Pasban Law College has embraced this responsibility with a seriousness and depth of commitment that sets it apart. The college does not treat fundamental rights as a specialized area of law that a few dedicated public interest lawyers will pursue while the majority go about the business of private practice. Instead, it understands fundamental rights as a dimension of all legal practice, relevant to every lawyer regardless of the area in which they specialize, because every lawyer at some point will face situations in which fundamental rights are at stake and in which the character and preparation they bring to that situation will matter enormously.
By producing graduates who understand the constitutional framework of fundamental rights thoroughly, who have practical experience in rights-based legal work through clinical programs, who have the ethical commitment and professional courage to take difficult cases and maintain their integrity under pressure, and who understand their professional role as connected to the broader project of building a just and rights-respecting society, Pasban Law College is making a contribution that extends far beyond the walls of its campus and far beyond the careers of its individual graduates.
The fundamental rights challenges facing Pakistan remain substantial.

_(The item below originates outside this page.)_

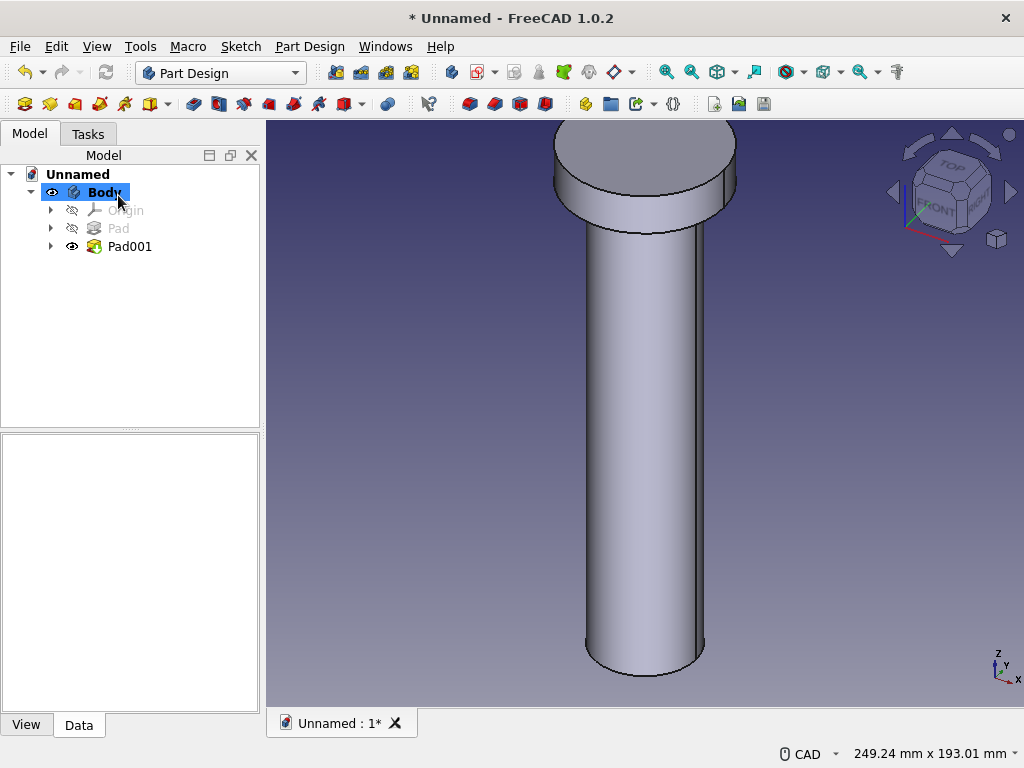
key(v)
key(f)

Unlawful detentions, violations of fair trial rights, restrictions on freedom of expression, gender-based discrimination, the vulnerability of minorities, environmental degradation, and the exploitation of labor all represent ongoing failures to meet the constitutional promise. These failures will not be remedied overnight, and they will not be remedied by lawyers alone. But lawyers are indispensable to the remediation process, and law colleges are indispensable to the production of lawyers equal to that task.
Every student who graduates from Pasban Law College and goes on to practice with genuine commitment to fundamental rights is a living expression of the college's mission and a contribution to the long and difficult work of making Pakistan's constitutional promises real for all its citizens. In this sense, the work of Pasban Law College is not merely educational. It is constitutional, civic, and ultimately deeply human, a commitment to the dignity, equality, and freedom of every person who will one day depend on the justice system to protect what they are owed by virtue of their humanity. That is a legacy worth building, and Pasban Law College is building it with dedication, integrity, and a clear sense of purpose.